Dort sollte ich ein Projekt in Eclipse öffnen und dann unter res/values/strings.xml etwas ändern und dann noch etwas unter res/layout/activity_main.xml.

So weit so gut. Jetzt steht im Buch das nach dem speichern  sich gen/R.java automatisch angleichen soll.
In dieser Datei verändert sich aber garnichts.

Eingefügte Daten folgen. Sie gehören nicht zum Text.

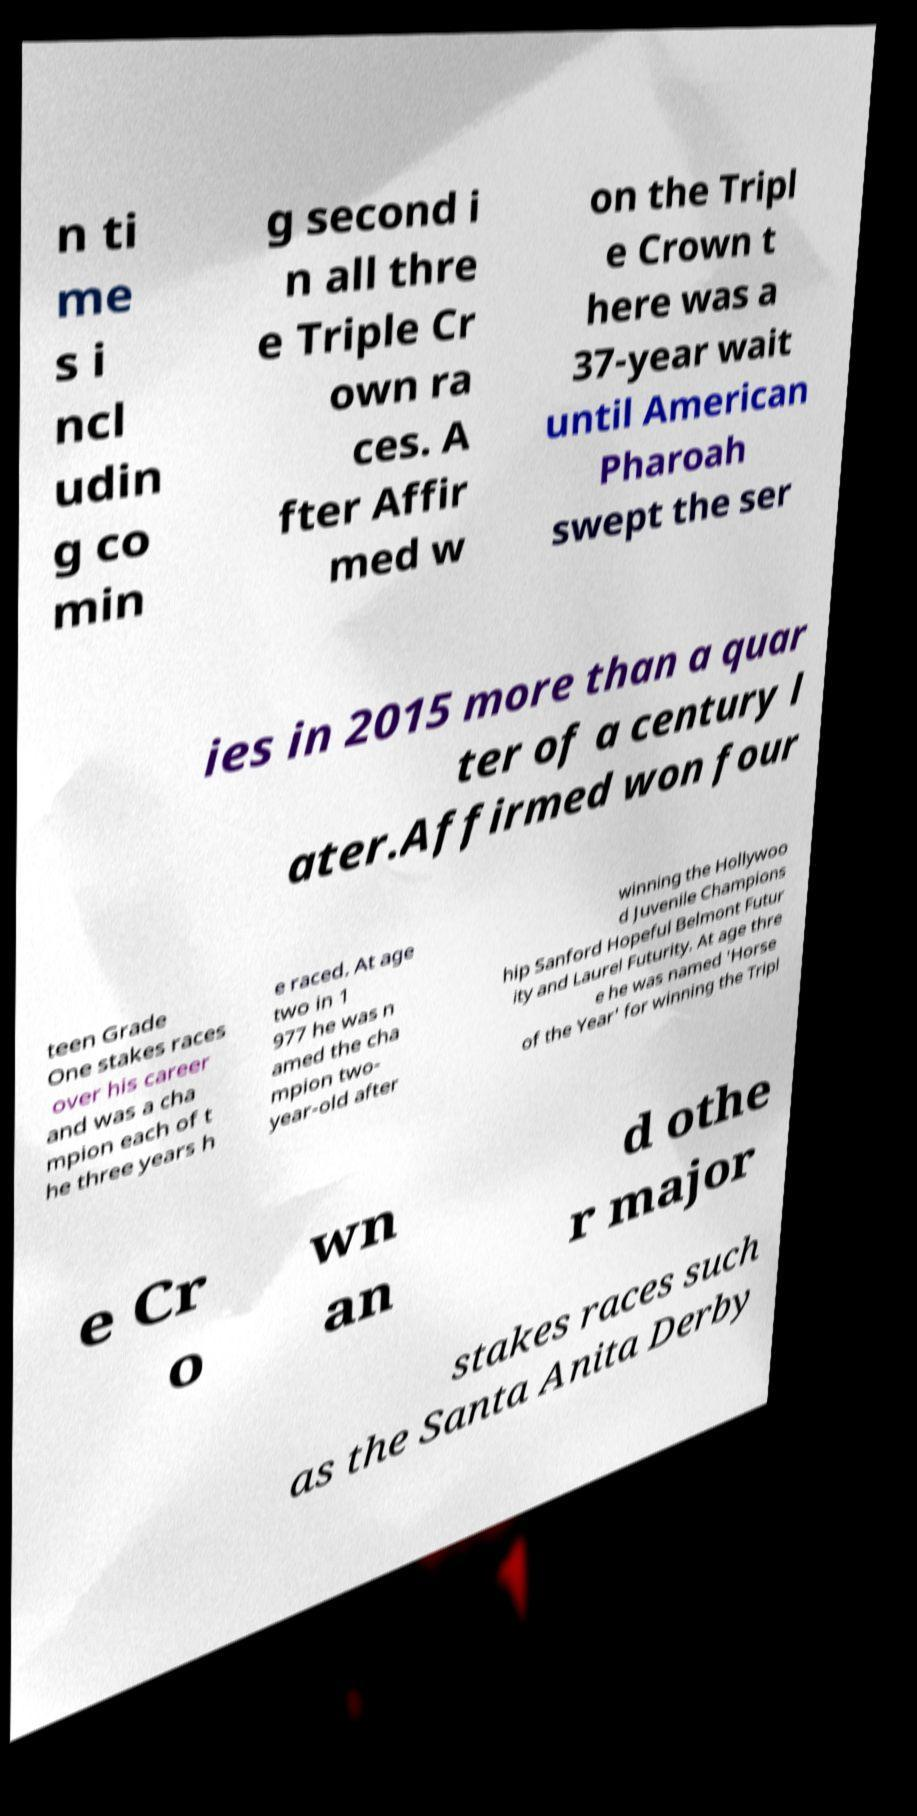Can you accurately transcribe the text from the provided image for me? n ti me s i ncl udin g co min g second i n all thre e Triple Cr own ra ces. A fter Affir med w on the Tripl e Crown t here was a 37-year wait until American Pharoah swept the ser ies in 2015 more than a quar ter of a century l ater.Affirmed won four teen Grade One stakes races over his career and was a cha mpion each of t he three years h e raced. At age two in 1 977 he was n amed the cha mpion two- year-old after winning the Hollywoo d Juvenile Champions hip Sanford Hopeful Belmont Futur ity and Laurel Futurity. At age thre e he was named 'Horse of the Year' for winning the Tripl e Cr o wn an d othe r major stakes races such as the Santa Anita Derby 
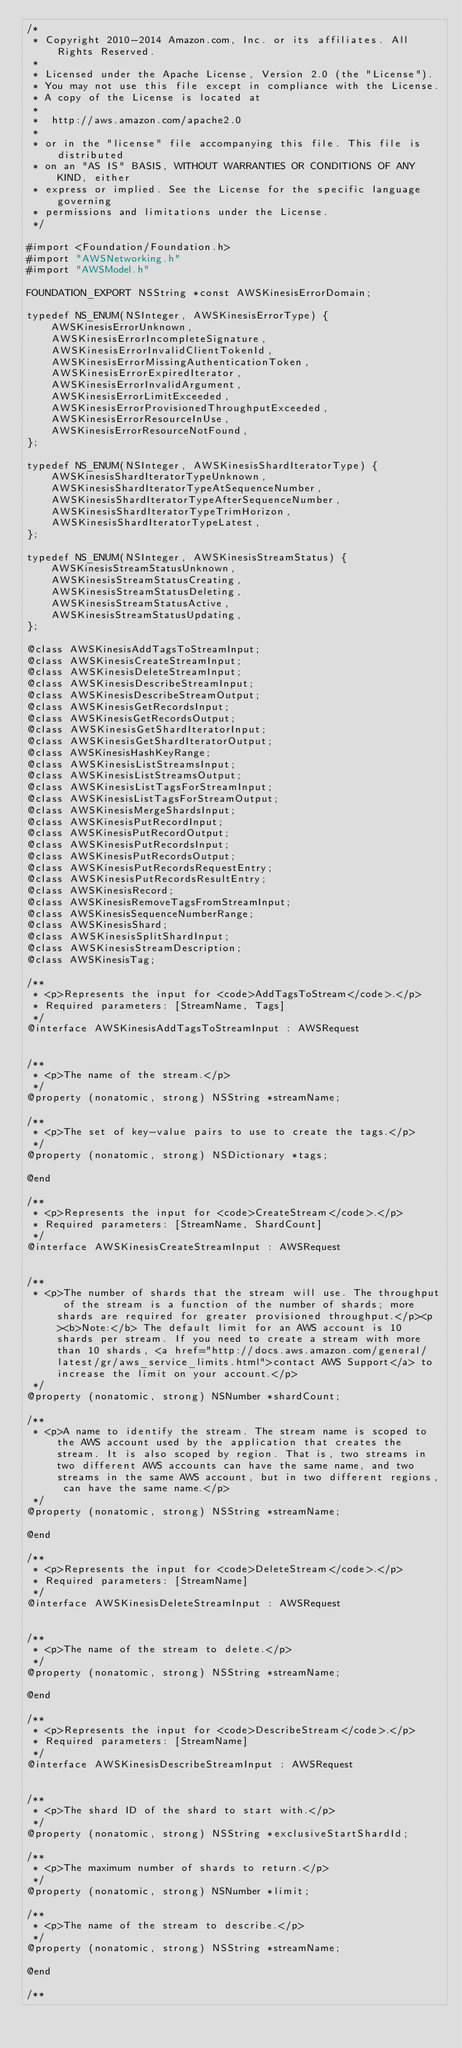<code> <loc_0><loc_0><loc_500><loc_500><_C_>/*
 * Copyright 2010-2014 Amazon.com, Inc. or its affiliates. All Rights Reserved.
 *
 * Licensed under the Apache License, Version 2.0 (the "License").
 * You may not use this file except in compliance with the License.
 * A copy of the License is located at
 *
 *  http://aws.amazon.com/apache2.0
 *
 * or in the "license" file accompanying this file. This file is distributed
 * on an "AS IS" BASIS, WITHOUT WARRANTIES OR CONDITIONS OF ANY KIND, either
 * express or implied. See the License for the specific language governing
 * permissions and limitations under the License.
 */

#import <Foundation/Foundation.h>
#import "AWSNetworking.h"
#import "AWSModel.h"

FOUNDATION_EXPORT NSString *const AWSKinesisErrorDomain;

typedef NS_ENUM(NSInteger, AWSKinesisErrorType) {
    AWSKinesisErrorUnknown,
    AWSKinesisErrorIncompleteSignature,
    AWSKinesisErrorInvalidClientTokenId,
    AWSKinesisErrorMissingAuthenticationToken,
    AWSKinesisErrorExpiredIterator,
    AWSKinesisErrorInvalidArgument,
    AWSKinesisErrorLimitExceeded,
    AWSKinesisErrorProvisionedThroughputExceeded,
    AWSKinesisErrorResourceInUse,
    AWSKinesisErrorResourceNotFound,
};

typedef NS_ENUM(NSInteger, AWSKinesisShardIteratorType) {
    AWSKinesisShardIteratorTypeUnknown,
    AWSKinesisShardIteratorTypeAtSequenceNumber,
    AWSKinesisShardIteratorTypeAfterSequenceNumber,
    AWSKinesisShardIteratorTypeTrimHorizon,
    AWSKinesisShardIteratorTypeLatest,
};

typedef NS_ENUM(NSInteger, AWSKinesisStreamStatus) {
    AWSKinesisStreamStatusUnknown,
    AWSKinesisStreamStatusCreating,
    AWSKinesisStreamStatusDeleting,
    AWSKinesisStreamStatusActive,
    AWSKinesisStreamStatusUpdating,
};

@class AWSKinesisAddTagsToStreamInput;
@class AWSKinesisCreateStreamInput;
@class AWSKinesisDeleteStreamInput;
@class AWSKinesisDescribeStreamInput;
@class AWSKinesisDescribeStreamOutput;
@class AWSKinesisGetRecordsInput;
@class AWSKinesisGetRecordsOutput;
@class AWSKinesisGetShardIteratorInput;
@class AWSKinesisGetShardIteratorOutput;
@class AWSKinesisHashKeyRange;
@class AWSKinesisListStreamsInput;
@class AWSKinesisListStreamsOutput;
@class AWSKinesisListTagsForStreamInput;
@class AWSKinesisListTagsForStreamOutput;
@class AWSKinesisMergeShardsInput;
@class AWSKinesisPutRecordInput;
@class AWSKinesisPutRecordOutput;
@class AWSKinesisPutRecordsInput;
@class AWSKinesisPutRecordsOutput;
@class AWSKinesisPutRecordsRequestEntry;
@class AWSKinesisPutRecordsResultEntry;
@class AWSKinesisRecord;
@class AWSKinesisRemoveTagsFromStreamInput;
@class AWSKinesisSequenceNumberRange;
@class AWSKinesisShard;
@class AWSKinesisSplitShardInput;
@class AWSKinesisStreamDescription;
@class AWSKinesisTag;

/**
 * <p>Represents the input for <code>AddTagsToStream</code>.</p>
 * Required parameters: [StreamName, Tags]
 */
@interface AWSKinesisAddTagsToStreamInput : AWSRequest


/**
 * <p>The name of the stream.</p>
 */
@property (nonatomic, strong) NSString *streamName;

/**
 * <p>The set of key-value pairs to use to create the tags.</p>
 */
@property (nonatomic, strong) NSDictionary *tags;

@end

/**
 * <p>Represents the input for <code>CreateStream</code>.</p>
 * Required parameters: [StreamName, ShardCount]
 */
@interface AWSKinesisCreateStreamInput : AWSRequest


/**
 * <p>The number of shards that the stream will use. The throughput of the stream is a function of the number of shards; more shards are required for greater provisioned throughput.</p><p><b>Note:</b> The default limit for an AWS account is 10 shards per stream. If you need to create a stream with more than 10 shards, <a href="http://docs.aws.amazon.com/general/latest/gr/aws_service_limits.html">contact AWS Support</a> to increase the limit on your account.</p>
 */
@property (nonatomic, strong) NSNumber *shardCount;

/**
 * <p>A name to identify the stream. The stream name is scoped to the AWS account used by the application that creates the stream. It is also scoped by region. That is, two streams in two different AWS accounts can have the same name, and two streams in the same AWS account, but in two different regions, can have the same name.</p>
 */
@property (nonatomic, strong) NSString *streamName;

@end

/**
 * <p>Represents the input for <code>DeleteStream</code>.</p>
 * Required parameters: [StreamName]
 */
@interface AWSKinesisDeleteStreamInput : AWSRequest


/**
 * <p>The name of the stream to delete.</p>
 */
@property (nonatomic, strong) NSString *streamName;

@end

/**
 * <p>Represents the input for <code>DescribeStream</code>.</p>
 * Required parameters: [StreamName]
 */
@interface AWSKinesisDescribeStreamInput : AWSRequest


/**
 * <p>The shard ID of the shard to start with.</p>
 */
@property (nonatomic, strong) NSString *exclusiveStartShardId;

/**
 * <p>The maximum number of shards to return.</p>
 */
@property (nonatomic, strong) NSNumber *limit;

/**
 * <p>The name of the stream to describe.</p>
 */
@property (nonatomic, strong) NSString *streamName;

@end

/**</code> 
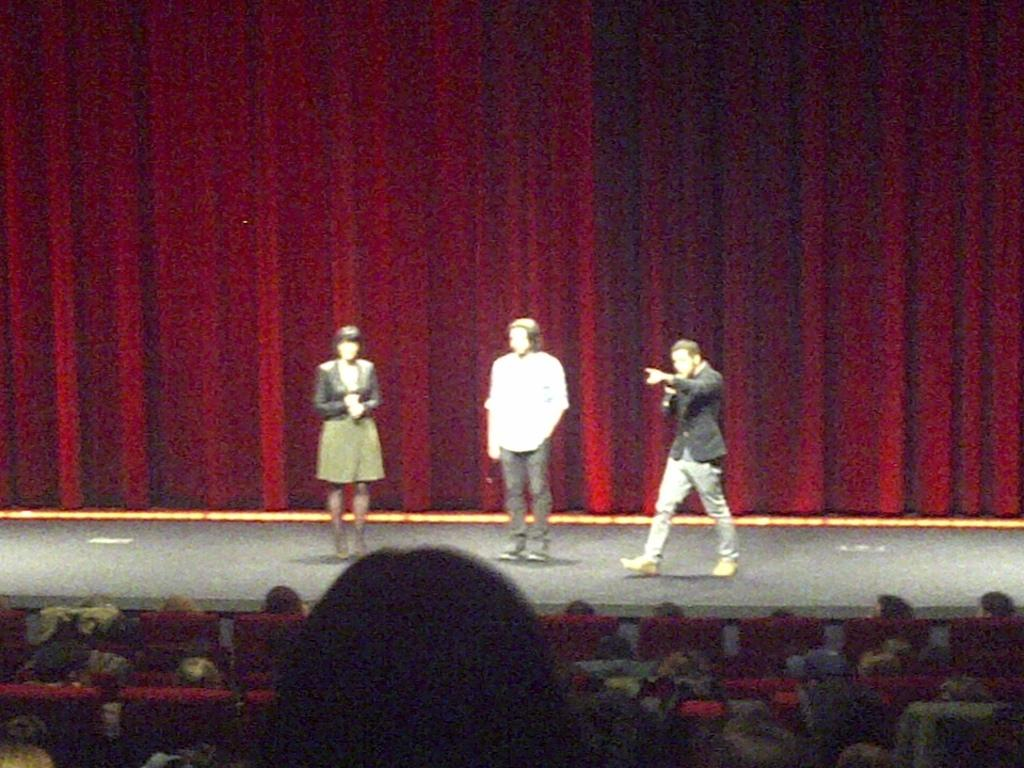Who or what can be seen in the image? There are people in the image. Can you describe the location of some people in the image? Some people are on a stage. What can be seen in the background of the image? There are curtains in the background of the image. What color is the pail being held by the person on the stage? There is no pail present in the image, so it cannot be determined what color it might be. 
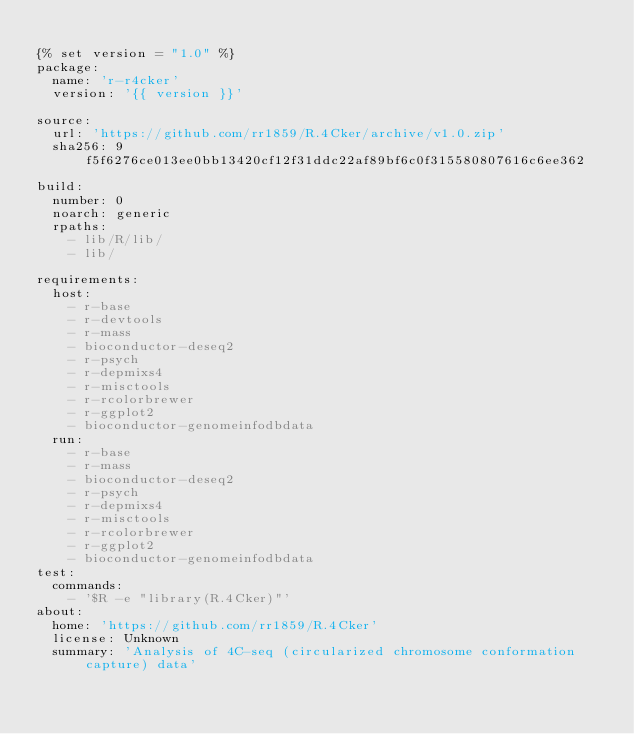Convert code to text. <code><loc_0><loc_0><loc_500><loc_500><_YAML_>
{% set version = "1.0" %}
package:
  name: 'r-r4cker'
  version: '{{ version }}'

source:
  url: 'https://github.com/rr1859/R.4Cker/archive/v1.0.zip'
  sha256: 9f5f6276ce013ee0bb13420cf12f31ddc22af89bf6c0f315580807616c6ee362

build:
  number: 0
  noarch: generic
  rpaths:
    - lib/R/lib/
    - lib/

requirements:
  host:
    - r-base
    - r-devtools
    - r-mass
    - bioconductor-deseq2
    - r-psych
    - r-depmixs4
    - r-misctools
    - r-rcolorbrewer
    - r-ggplot2
    - bioconductor-genomeinfodbdata 
  run:
    - r-base
    - r-mass
    - bioconductor-deseq2
    - r-psych
    - r-depmixs4
    - r-misctools
    - r-rcolorbrewer
    - r-ggplot2
    - bioconductor-genomeinfodbdata 
test:
  commands:
    - '$R -e "library(R.4Cker)"'
about:
  home: 'https://github.com/rr1859/R.4Cker'
  license: Unknown
  summary: 'Analysis of 4C-seq (circularized chromosome conformation capture) data'
</code> 
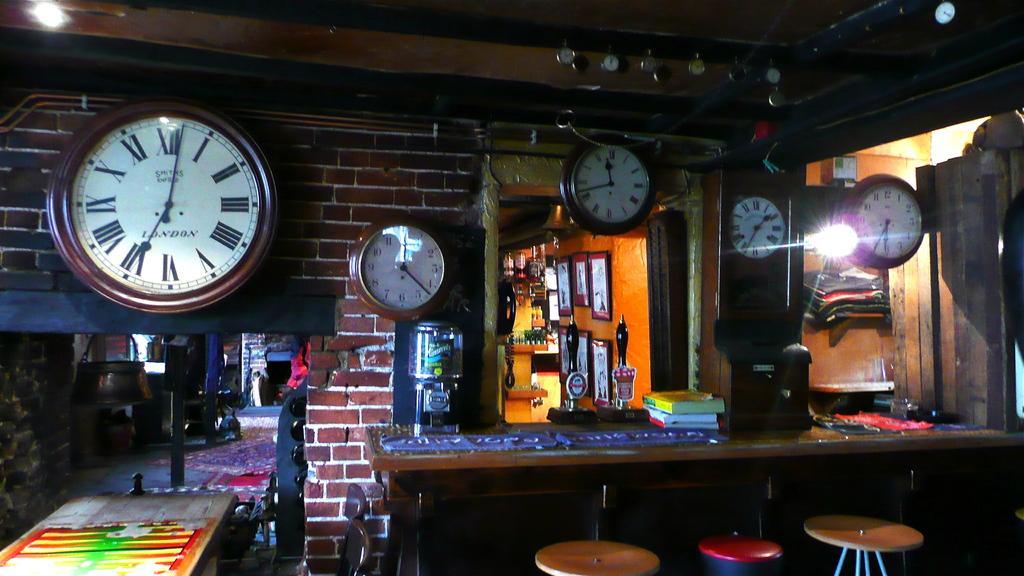In one or two sentences, can you explain what this image depicts? In this image we can see some clocks on the wall. On the left side of the image we can see a vessel and some chairs placed on the surface. In the foreground of the image we can see a container, some books and a clock placed on the table, we can also see some stools. In the right side of the image we can see some objects placed on racks. In the center of the image we can see some photo frames on the wall. 
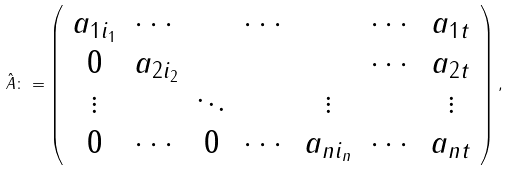Convert formula to latex. <formula><loc_0><loc_0><loc_500><loc_500>\hat { A } \colon = \left ( \begin{array} { c c c c c c c } a _ { 1 i _ { 1 } } & \cdots & & \cdots & & \cdots & a _ { 1 t } \\ 0 & a _ { 2 i _ { 2 } } & & & & \cdots & a _ { 2 t } \\ \vdots & & \ddots & & \vdots & & \vdots \\ 0 & \cdots & 0 & \cdots & a _ { n i _ { n } } & \cdots & a _ { n t } \end{array} \right ) ,</formula> 
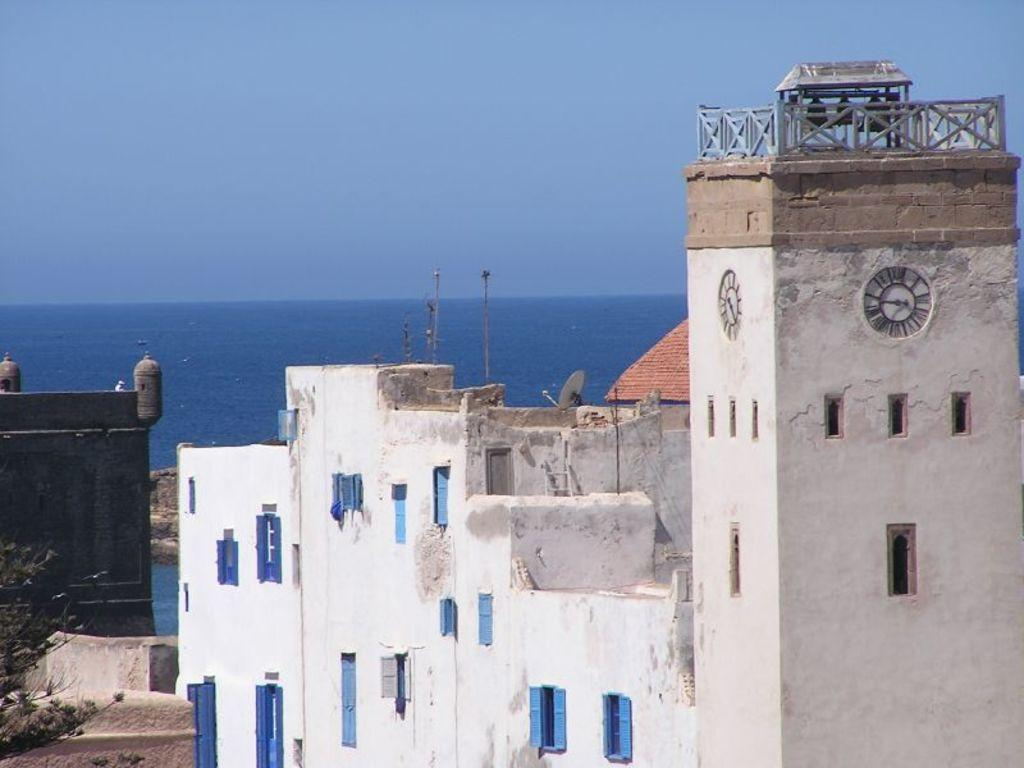What type of structures are present in the image? There is a group of buildings in the image. What natural feature can be seen in the background of the image? There is a sea visible in the background of the image. What type of skirt is being worn by the society in the image? There is no reference to a society or any individuals wearing skirts in the image.

 Und dann wird auch noch ständig ein Compiler-Fehler im Project-Explorer angezeigt, ungewohnterweise ist aber über keinem Unterverzeichnis ein rotes Kreuz sichtbar damit man weiss wo der Fehler genau ist ???:L


Weiss jemand vielleicht was Eclipse hier von mir will???


----------



## Tomate_Salat (5. Sep 2012)

Krieg?
Schonmal in den Error-View geschaut?

Sorry, magische Glaskugel ist in Reparatur, wenn sie wieder da ist (und endlich mal funktioniert) werde ich dir versuchen zu helfen.


----------



## nillehammer (5. Sep 2012)

> Und dann wird auch noch ständig ein Compiler-Fehler im Project-Explorer angezeigt, ungewohnterweise ist aber über keinem Unterverzeichnis ein rotes Kreuz sichtbar damit man weiss wo der Fehler genau ist


Unabhängig vom konkreten Problem. Eclipse verhält sich so, wenn etwas mit der Projekt-Konfiguration nicht stimmt (z.B. Eintrag eines Jars im Buildpath, das es nicht gibt). Wie von Tomate_Salat schon geschrieben, findest Du genaue Fehlerbeschreibungen im Error-Log-View oder im Problems-View. Zumindest das Problems-View ist bei meiner Java-Perspective ein Reiter unter dem View für den Source Code (der Bereich, wo auch die Console angezeigt wird). Falls nicht sichtbar, kannst Du die Views öffnen über Menü _Window -> Show View -> Error Log_ oder _Problems_.


----------